Concours : A l’occasion de la sortie en salles, le 17 Avril 2019 du film de Rodrigo Sorogoyen, El Reino, gagnez votre place de cinéma, de cette plongée dans le royaume de la corruption politique.

SYNOPSIS, INFOS, BANDE-ANNONCE

Manuel López-Vidal est un homme politique influent dans sa région.
Alors qu’il doit entrer à la direction nationale de son parti, il se retrouve impliqué dans une affaire de corruption qui menace un de ses amis les plus proches. Pris au piège, il plonge dans un engrenage infernal.

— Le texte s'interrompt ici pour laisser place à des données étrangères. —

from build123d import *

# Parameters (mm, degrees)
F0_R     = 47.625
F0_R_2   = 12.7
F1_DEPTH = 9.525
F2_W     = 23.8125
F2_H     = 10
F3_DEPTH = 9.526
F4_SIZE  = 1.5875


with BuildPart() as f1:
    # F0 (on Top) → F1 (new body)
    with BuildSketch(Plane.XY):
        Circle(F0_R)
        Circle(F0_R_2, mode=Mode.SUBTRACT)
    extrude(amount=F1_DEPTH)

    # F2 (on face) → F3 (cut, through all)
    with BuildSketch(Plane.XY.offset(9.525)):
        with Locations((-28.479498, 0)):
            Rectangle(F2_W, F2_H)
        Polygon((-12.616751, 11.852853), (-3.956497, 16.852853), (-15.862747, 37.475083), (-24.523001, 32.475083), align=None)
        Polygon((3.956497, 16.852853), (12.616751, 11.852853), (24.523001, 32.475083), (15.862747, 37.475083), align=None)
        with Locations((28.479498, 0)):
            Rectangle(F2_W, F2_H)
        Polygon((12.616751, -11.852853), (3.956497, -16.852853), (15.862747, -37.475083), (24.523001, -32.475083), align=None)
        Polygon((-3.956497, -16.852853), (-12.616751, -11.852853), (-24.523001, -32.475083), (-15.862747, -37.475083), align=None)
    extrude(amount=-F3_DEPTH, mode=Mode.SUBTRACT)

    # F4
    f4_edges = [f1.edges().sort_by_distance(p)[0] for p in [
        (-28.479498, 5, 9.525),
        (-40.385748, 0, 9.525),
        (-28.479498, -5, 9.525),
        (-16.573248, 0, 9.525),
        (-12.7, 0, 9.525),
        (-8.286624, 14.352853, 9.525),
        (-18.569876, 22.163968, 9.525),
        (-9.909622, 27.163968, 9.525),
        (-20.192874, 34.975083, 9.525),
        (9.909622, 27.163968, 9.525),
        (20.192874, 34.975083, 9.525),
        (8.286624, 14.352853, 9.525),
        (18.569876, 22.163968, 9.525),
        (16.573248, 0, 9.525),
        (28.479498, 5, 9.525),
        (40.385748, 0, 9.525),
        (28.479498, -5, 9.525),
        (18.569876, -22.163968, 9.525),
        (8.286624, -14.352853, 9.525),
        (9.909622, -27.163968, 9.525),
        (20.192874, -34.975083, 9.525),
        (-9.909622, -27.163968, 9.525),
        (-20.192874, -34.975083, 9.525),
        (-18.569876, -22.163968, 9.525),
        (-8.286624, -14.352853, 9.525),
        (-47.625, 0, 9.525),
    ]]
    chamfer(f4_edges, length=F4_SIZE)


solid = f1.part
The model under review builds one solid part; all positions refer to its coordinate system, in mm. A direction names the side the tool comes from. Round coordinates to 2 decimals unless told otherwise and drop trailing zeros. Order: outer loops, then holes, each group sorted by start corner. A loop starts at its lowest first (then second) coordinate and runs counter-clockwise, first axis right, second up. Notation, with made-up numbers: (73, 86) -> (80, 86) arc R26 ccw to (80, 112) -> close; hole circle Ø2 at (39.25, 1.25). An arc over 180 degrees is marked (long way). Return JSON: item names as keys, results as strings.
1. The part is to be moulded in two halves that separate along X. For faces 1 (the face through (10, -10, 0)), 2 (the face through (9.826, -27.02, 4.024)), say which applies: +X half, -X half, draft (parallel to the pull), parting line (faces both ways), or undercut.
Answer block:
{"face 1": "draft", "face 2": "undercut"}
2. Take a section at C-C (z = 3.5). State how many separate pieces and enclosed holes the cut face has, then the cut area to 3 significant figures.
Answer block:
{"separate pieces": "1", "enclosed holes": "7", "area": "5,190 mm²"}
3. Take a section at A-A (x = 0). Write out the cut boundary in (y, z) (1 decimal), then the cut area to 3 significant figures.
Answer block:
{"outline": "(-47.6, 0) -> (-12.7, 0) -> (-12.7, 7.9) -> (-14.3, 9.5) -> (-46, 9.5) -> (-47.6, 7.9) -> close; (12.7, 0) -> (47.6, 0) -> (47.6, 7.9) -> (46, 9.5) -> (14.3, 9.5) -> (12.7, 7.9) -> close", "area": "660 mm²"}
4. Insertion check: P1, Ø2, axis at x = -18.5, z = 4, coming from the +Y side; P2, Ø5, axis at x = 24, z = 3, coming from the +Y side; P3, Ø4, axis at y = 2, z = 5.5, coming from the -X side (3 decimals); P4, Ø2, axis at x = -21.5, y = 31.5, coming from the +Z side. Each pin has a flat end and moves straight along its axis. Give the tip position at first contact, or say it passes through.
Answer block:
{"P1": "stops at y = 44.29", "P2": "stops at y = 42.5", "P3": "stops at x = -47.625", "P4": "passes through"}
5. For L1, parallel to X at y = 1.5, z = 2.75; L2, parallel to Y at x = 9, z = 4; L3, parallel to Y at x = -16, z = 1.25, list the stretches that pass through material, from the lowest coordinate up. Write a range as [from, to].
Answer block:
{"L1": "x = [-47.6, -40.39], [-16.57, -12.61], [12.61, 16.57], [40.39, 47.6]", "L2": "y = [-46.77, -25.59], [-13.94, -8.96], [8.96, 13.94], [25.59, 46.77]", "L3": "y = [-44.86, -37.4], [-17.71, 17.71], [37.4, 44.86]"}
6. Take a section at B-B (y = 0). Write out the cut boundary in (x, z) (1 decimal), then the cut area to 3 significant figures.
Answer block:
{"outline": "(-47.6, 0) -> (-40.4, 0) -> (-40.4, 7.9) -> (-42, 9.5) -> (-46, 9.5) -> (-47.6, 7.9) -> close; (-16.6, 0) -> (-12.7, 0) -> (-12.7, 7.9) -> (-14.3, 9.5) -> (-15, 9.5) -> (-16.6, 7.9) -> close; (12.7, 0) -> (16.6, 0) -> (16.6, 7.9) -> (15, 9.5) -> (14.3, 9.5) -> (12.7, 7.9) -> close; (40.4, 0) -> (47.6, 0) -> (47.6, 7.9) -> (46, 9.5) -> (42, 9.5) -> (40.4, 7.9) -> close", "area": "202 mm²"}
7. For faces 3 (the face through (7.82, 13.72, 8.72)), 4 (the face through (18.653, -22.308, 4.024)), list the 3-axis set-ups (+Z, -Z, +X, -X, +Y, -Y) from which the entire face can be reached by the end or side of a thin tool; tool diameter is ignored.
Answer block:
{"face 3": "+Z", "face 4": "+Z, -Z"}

Réalisateur : Rodrigo Sorogoyen
Scénario : Rodrigo Sorogoyen, Isabel Peña
Avec Antonio de la Torre, Monica Lopez, Nacho Fresneda
Direction artistique : Miguel Ángel Rebollo
Décors : Ana Muñiz
Costumes : Paola Torres
Photographie : Alejandro de Pablo
Montage : Alberto del Campo
Musique : Olivier Arson
Genres : Policier, Drame
Première sortie : 28 septembre 2018 (Espagne)
Distributeur : Le Pacte
Date de sortie : 17 avril 2019 (2h 11min)
Pays d’origine : Espagne
Le long métrage s’inspire de l’affaire Gürtel, vaste scandale de détournement de fonds publics et de pots-de-vin qui a éclaté en 2009.

Le cinéaste, Rodrigo Sorogoyen (Que Dios Nos Perdone) fait son grand retour avec le film, El Reino, un portrait dévastateur d’une classe politique sans scrupules.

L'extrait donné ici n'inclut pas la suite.